Exercise prompt:
Below are lines of data; restate word for word those running from the line containing "text Deze invulling" to the line containing "text In het", inclusive, and no others.

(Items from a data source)
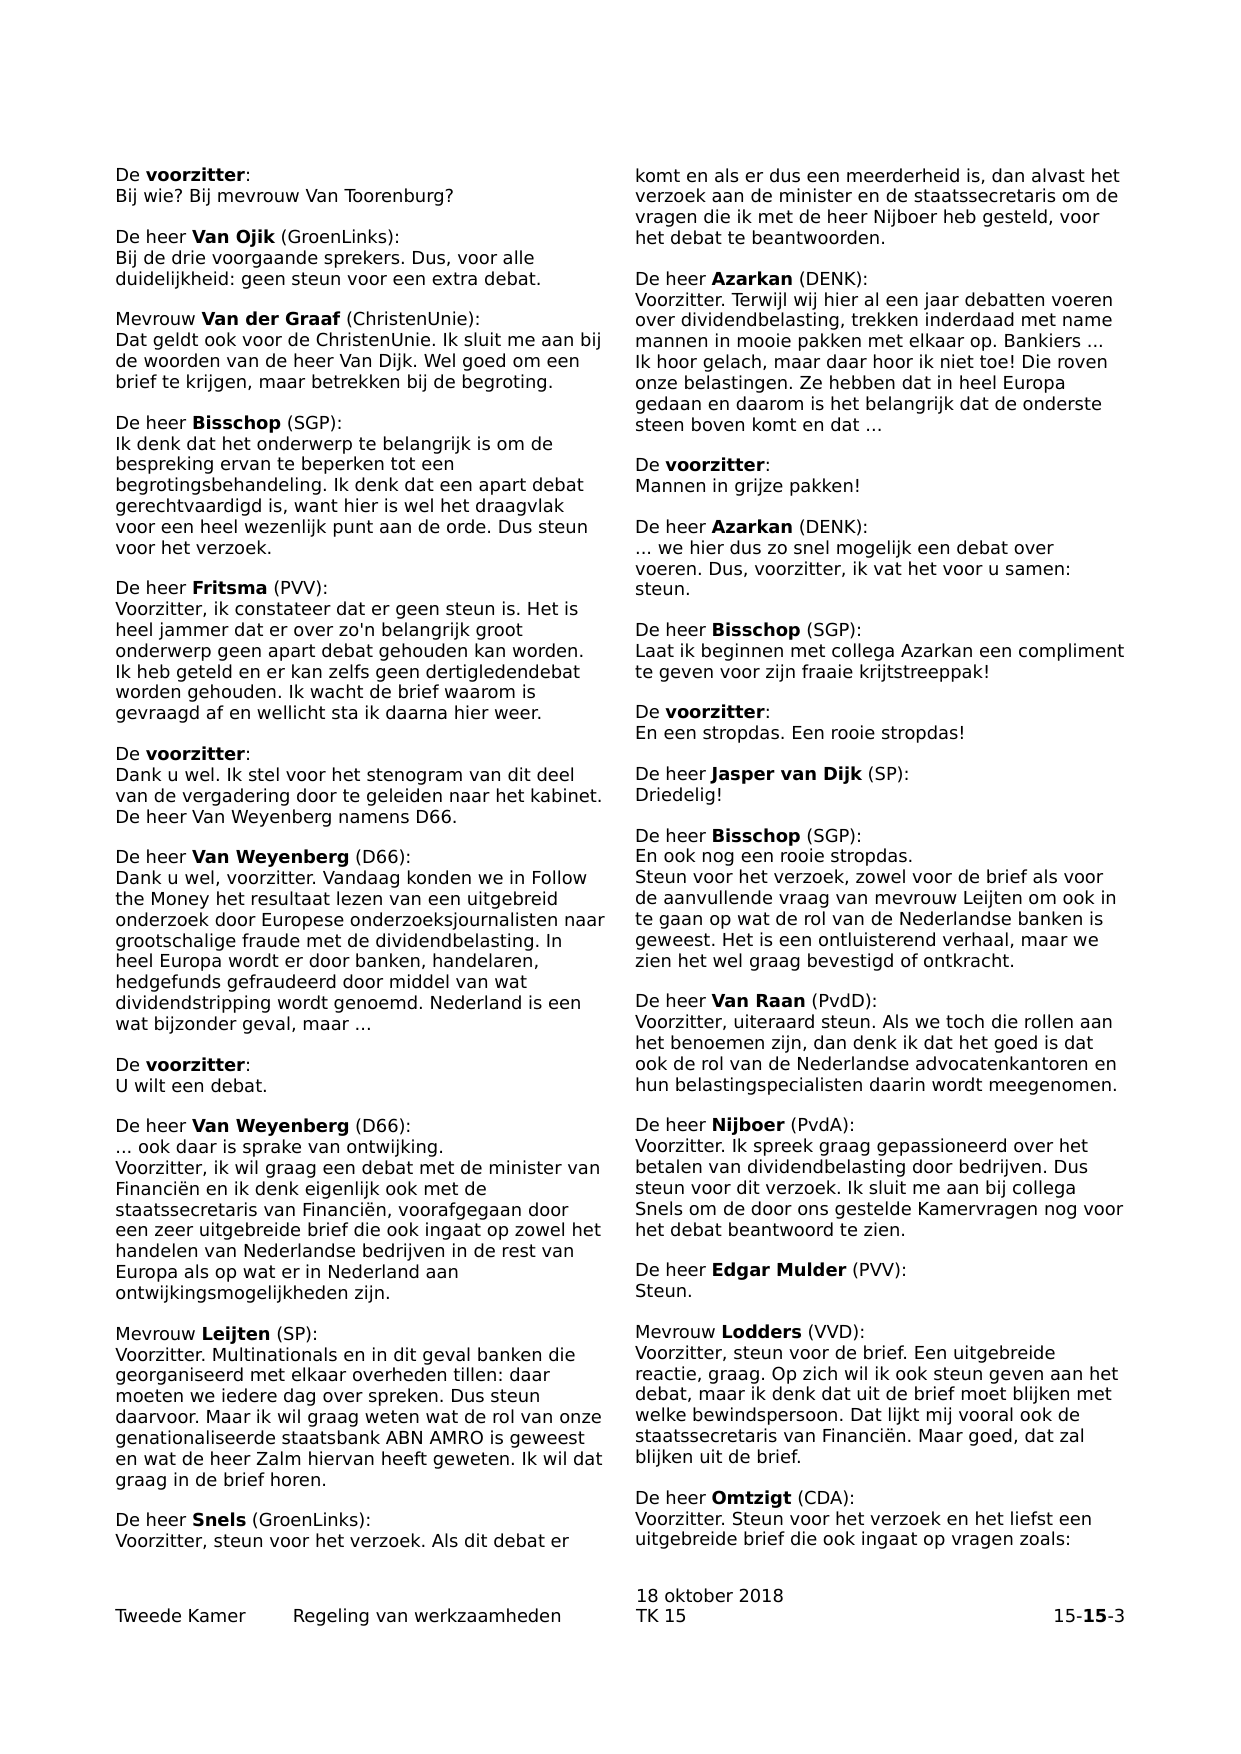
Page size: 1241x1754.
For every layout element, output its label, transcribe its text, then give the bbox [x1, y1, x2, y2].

text Mevrouw Lodders (VVD): [635, 1322, 1125, 1342]
text Voorzitter. Steun voor het verzoek en het liefst een uitgebreide brief die ook ingaat op vragen zoals: [635, 1508, 1125, 1550]
text De heer Bisschop (SGP): [635, 826, 1125, 846]
text Voorzitter, ik constateer dat er geen steun is. Het is heel jammer dat er over zo'n belangrijk groot onderwerp geen apart debat gehouden kan worden. Ik heb geteld en er kan zelfs geen dertigledendebat worden gehouden. Ik wacht de brief waarom is gevraagd af en wellicht sta ik daarna hier weer. [115, 599, 605, 724]
text Voorzitter, uiteraard steun. Als we toch die rollen aan het benoemen zijn, dan denk ik dat het goed is dat ook de rol van de Nederlandse advocatenkantoren en hun belastingspecialisten daarin wordt meegenomen. [635, 1012, 1125, 1095]
text Voorzitter, ik wil graag een debat met de minister van Financiën en ik denk eigenlijk ook met de staatssecretaris van Financiën, voorafgegaan door een zeer uitgebreide brief die ook ingaat op zowel het handelen van Nederlandse bedrijven in de rest van Europa als op wat er in Nederland aan ontwijkingsmogelijkheden zijn. [115, 1158, 605, 1303]
text Mevrouw Van der Graaf (ChristenUnie): [115, 309, 605, 330]
text De voorzitter: [115, 1054, 605, 1075]
text De heer Azarkan (DENK): [635, 269, 1125, 289]
text De voorzitter: [635, 455, 1125, 476]
text Bij wie? Bij mevrouw Van Toorenburg? [115, 186, 605, 207]
text De heer Fritsma (PVV): [115, 578, 605, 599]
text Bij de drie voorgaande sprekers. Dus, voor alle duidelijkheid: geen steun voor een extra debat. [115, 248, 605, 289]
text De heer Bisschop (SGP): [115, 412, 605, 433]
text De heer Van Weyenberg namens D66. [115, 806, 605, 827]
text De heer Van Ojik (GroenLinks): [115, 227, 605, 248]
text De heer Van Raan (PvdD): [635, 991, 1125, 1012]
text De heer Jasper van Dijk (SP): [635, 764, 1125, 785]
text De heer Van Weyenberg (D66): [115, 847, 605, 868]
text Mannen in grijze pakken! [635, 476, 1125, 497]
text U wilt een debat. [115, 1075, 605, 1096]
text De voorzitter: [635, 702, 1125, 723]
text De heer Omtzigt (CDA): [635, 1487, 1125, 1508]
text Voorzitter, steun voor het verzoek. Als dit debat er [115, 1531, 605, 1552]
text Voorzitter, steun voor de brief. Een uitgebreide reactie, graag. Op zich wil ik ook steun geven aan het debat, maar ik denk dat uit de brief moet blijken met welke bewindspersoon. Dat lijkt mij vooral ook de staatssecretaris van Financiën. Maar goed, dat zal blijken uit de brief. [635, 1342, 1125, 1467]
text De heer Van Weyenberg (D66): [115, 1116, 605, 1137]
text Voorzitter. Terwijl wij hier al een jaar debatten voeren over dividendbelasting, trekken inderdaad met name mannen in mooie pakken met elkaar op. Bankiers ... Ik hoor gelach, maar daar hoor ik niet toe! Die roven onze belastingen. Ze hebben dat in heel Europa gedaan en daarom is het belangrijk dat de onderste steen boven komt en dat ... [635, 289, 1125, 435]
text Voorzitter. Ik spreek graag gepassioneerd over het betalen van dividendbelasting door bedrijven. Dus steun voor dit verzoek. Ik sluit me aan bij collega Snels om de door ons gestelde Kamervragen nog voor het debat beantwoord te zien. [635, 1136, 1125, 1240]
text Voorzitter. Multinationals en in dit geval banken die georganiseerd met elkaar overheden tillen: daar moeten we iedere dag over spreken. Dus steun daarvoor. Maar ik wil graag weten wat de rol van onze genationaliseerde staatsbank ABN AMRO is geweest en wat de heer Zalm hiervan heeft geweten. Ik wil dat graag in de brief horen. [115, 1344, 605, 1490]
text De heer Bisschop (SGP): [635, 620, 1125, 641]
text Dank u wel, voorzitter. Vandaag konden we in Follow the Money het resultaat lezen van een uitgebreid onderzoek door Europese onderzoeksjournalisten naar grootschalige fraude met de dividendbelasting. In heel Europa wordt er door banken, handelaren, hedgefunds gefraudeerd door middel van wat dividendstripping wordt genoemd. Nederland is een wat bijzonder geval, maar ... [115, 868, 605, 1034]
text En ook nog een rooie stropdas. [635, 846, 1125, 867]
text De voorzitter: [115, 165, 605, 186]
text komt en als er dus een meerderheid is, dan alvast het verzoek aan de minister en de staatssecretaris om de vragen die ik met de heer Nijboer heb gesteld, voor het debat te beantwoorden. [635, 165, 1125, 249]
text Dat geldt ook voor de ChristenUnie. Ik sluit me aan bij de woorden van de heer Van Dijk. Wel goed om een brief te krijgen, maar betrekken bij de begroting. [115, 330, 605, 392]
text Steun voor het verzoek, zowel voor de brief als voor de aanvullende vraag van mevrouw Leijten om ook in te gaan op wat de rol van de Nederlandse banken is geweest. Het is een ontluisterend verhaal, maar we zien het wel graag bevestigd of ontkracht. [635, 867, 1125, 971]
text Mevrouw Leijten (SP): [115, 1323, 605, 1344]
text ... ook daar is sprake van ontwijking. [115, 1137, 605, 1158]
text En een stropdas. Een rooie stropdas! [635, 723, 1125, 744]
text De heer Snels (GroenLinks): [115, 1510, 605, 1531]
text De heer Edgar Mulder (PVV): [635, 1260, 1125, 1281]
text Dank u wel. Ik stel voor het stenogram van dit deel van de vergadering door te geleiden naar het kabinet. [115, 765, 605, 806]
text De heer Azarkan (DENK): [635, 517, 1125, 537]
text Steun. [635, 1281, 1125, 1302]
text ... we hier dus zo snel mogelijk een debat over voeren. Dus, voorzitter, ik vat het voor u samen: steun. [635, 537, 1125, 600]
text De heer Nijboer (PvdA): [635, 1115, 1125, 1136]
text Driedelig! [635, 785, 1125, 806]
text Laat ik beginnen met collega Azarkan een compliment te geven voor zijn fraaie krijtstreeppak! [635, 641, 1125, 682]
text De voorzitter: [115, 744, 605, 765]
text Ik denk dat het onderwerp te belangrijk is om de bespreking ervan te beperken tot een begrotingsbehandeling. Ik denk dat een apart debat gerechtvaardigd is, want hier is wel het draagvlak voor een heel wezenlijk punt aan de orde. Dus steun voor het verzoek. [115, 433, 605, 558]
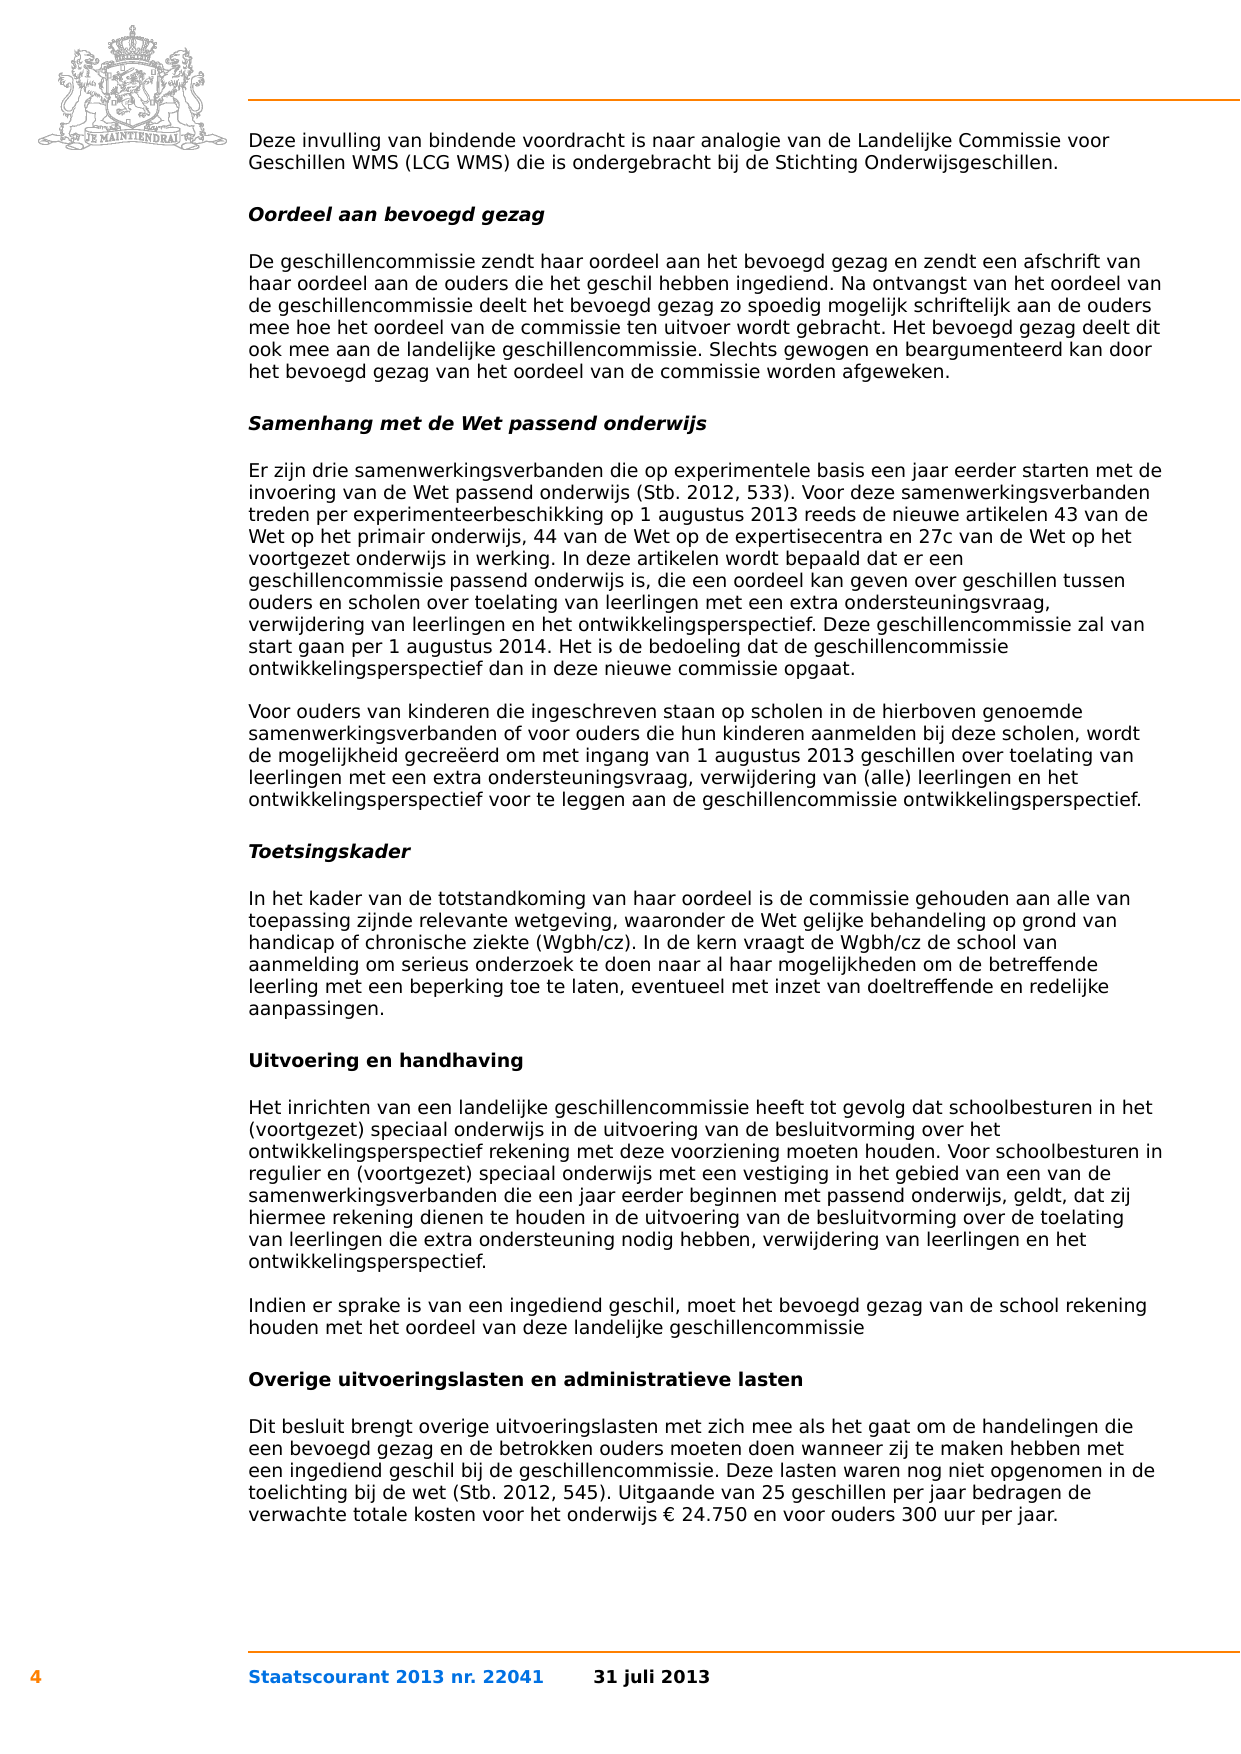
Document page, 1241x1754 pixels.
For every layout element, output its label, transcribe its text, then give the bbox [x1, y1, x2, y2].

subtitle Uitvoering en handhaving [248, 1050, 1163, 1072]
text Indien er sprake is van een ingediend geschil, moet het bevoegd gezag van de school rekening houden met het oordeel van deze landelijke geschillencommissie [248, 1295, 1163, 1339]
subtitle Overige uitvoeringslasten en administratieve lasten [248, 1369, 1163, 1391]
subtitle Samenhang met de Wet passend onderwijs [248, 413, 1163, 435]
subtitle Toetsingskader [248, 841, 1163, 863]
text De geschillencommissie zendt haar oordeel aan het bevoegd gezag en zendt een afschrift van haar oordeel aan de ouders die het geschil hebben ingediend. Na ontvangst van het oordeel van de geschillencommissie deelt het bevoegd gezag zo spoedig mogelijk schriftelijk aan de ouders mee hoe het oordeel van de commissie ten uitvoer wordt gebracht. Het bevoegd gezag deelt dit ook mee aan de landelijke geschillencommissie. Slechts gewogen en beargumenteerd kan door het bevoegd gezag van het oordeel van de commissie worden afgeweken. [248, 251, 1163, 383]
text Er zijn drie samenwerkingsverbanden die op experimentele basis een jaar eerder starten met de invoering van de Wet passend onderwijs (Stb. 2012, 533). Voor deze samenwerkingsverbanden treden per experimenteerbeschikking op 1 augustus 2013 reeds de nieuwe artikelen 43 van de Wet op het primair onderwijs, 44 van de Wet op de expertisecentra en 27c van de Wet op het voortgezet onderwijs in werking. In deze artikelen wordt bepaald dat er een geschillencommissie passend onderwijs is, die een oordeel kan geven over geschillen tussen ouders en scholen over toelating van leerlingen met een extra ondersteuningsvraag, verwijdering van leerlingen en het ontwikkelingsperspectief. Deze geschillencommissie zal van start gaan per 1 augustus 2014. Het is de bedoeling dat de geschillencommissie ontwikkelingsperspectief dan in deze nieuwe commissie opgaat. [248, 460, 1163, 679]
text Dit besluit brengt overige uitvoeringslasten met zich mee als het gaat om de handelingen die een bevoegd gezag en de betrokken ouders moeten doen wanneer zij te maken hebben met een ingediend geschil bij de geschillencommissie. Deze lasten waren nog niet opgenomen in de toelichting bij de wet (Stb. 2012, 545). Uitgaande van 25 geschillen per jaar bedragen de verwachte totale kosten voor het onderwijs € 24.750 en voor ouders 300 uur per jaar. [248, 1416, 1163, 1526]
text Voor ouders van kinderen die ingeschreven staan op scholen in de hierboven genoemde samenwerkingsverbanden of voor ouders die hun kinderen aanmelden bij deze scholen, wordt de mogelijkheid gecreëerd om met ingang van 1 augustus 2013 geschillen over toelating van leerlingen met een extra ondersteuningsvraag, verwijdering van (alle) leerlingen en het ontwikkelingsperspectief voor te leggen aan de geschillencommissie ontwikkelingsperspectief. [248, 701, 1163, 811]
text Deze invulling van bindende voordracht is naar analogie van de Landelijke Commissie voor Geschillen WMS (LCG WMS) die is ondergebracht bij de Stichting Onderwijsgeschillen. [248, 130, 1163, 174]
text Het inrichten van een landelijke geschillencommissie heeft tot gevolg dat schoolbesturen in het (voortgezet) speciaal onderwijs in de uitvoering van de besluitvorming over het ontwikkelingsperspectief rekening met deze voorziening moeten houden. Voor schoolbesturen in regulier en (voortgezet) speciaal onderwijs met een vestiging in het gebied van een van de samenwerkingsverbanden die een jaar eerder beginnen met passend onderwijs, geldt, dat zij hiermee rekening dienen te houden in de uitvoering van de besluitvorming over de toelating van leerlingen die extra ondersteuning nodig hebben, verwijdering van leerlingen en het ontwikkelingsperspectief. [248, 1097, 1163, 1273]
subtitle Oordeel aan bevoegd gezag [248, 204, 1163, 226]
text In het kader van de totstandkoming van haar oordeel is de commissie gehouden aan alle van toepassing zijnde relevante wetgeving, waaronder de Wet gelijke behandeling op grond van handicap of chronische ziekte (Wgbh/cz). In de kern vraagt de Wgbh/cz de school van aanmelding om serieus onderzoek te doen naar al haar mogelijkheden om de betreffende leerling met een beperking toe te laten, eventueel met inzet van doeltreffende en redelijke aanpassingen. [248, 888, 1163, 1020]
picture [38, 25, 227, 150]

Solution for this task:
text Deze invulling van bindende voordracht is naar analogie van de Landelijke Commissie voor Geschillen WMS (LCG WMS) die is ondergebracht bij de Stichting Onderwijsgeschillen. [248, 130, 1163, 174]
text Het inrichten van een landelijke geschillencommissie heeft tot gevolg dat schoolbesturen in het (voortgezet) speciaal onderwijs in de uitvoering van de besluitvorming over het ontwikkelingsperspectief rekening met deze voorziening moeten houden. Voor schoolbesturen in regulier en (voortgezet) speciaal onderwijs met een vestiging in het gebied van een van de samenwerkingsverbanden die een jaar eerder beginnen met passend onderwijs, geldt, dat zij hiermee rekening dienen te houden in de uitvoering van de besluitvorming over de toelating van leerlingen die extra ondersteuning nodig hebben, verwijdering van leerlingen en het ontwikkelingsperspectief. [248, 1097, 1163, 1273]
subtitle Oordeel aan bevoegd gezag [248, 204, 1163, 226]
text In het kader van de totstandkoming van haar oordeel is de commissie gehouden aan alle van toepassing zijnde relevante wetgeving, waaronder de Wet gelijke behandeling op grond van handicap of chronische ziekte (Wgbh/cz). In de kern vraagt de Wgbh/cz de school van aanmelding om serieus onderzoek te doen naar al haar mogelijkheden om de betreffende leerling met een beperking toe te laten, eventueel met inzet van doeltreffende en redelijke aanpassingen. [248, 888, 1163, 1020]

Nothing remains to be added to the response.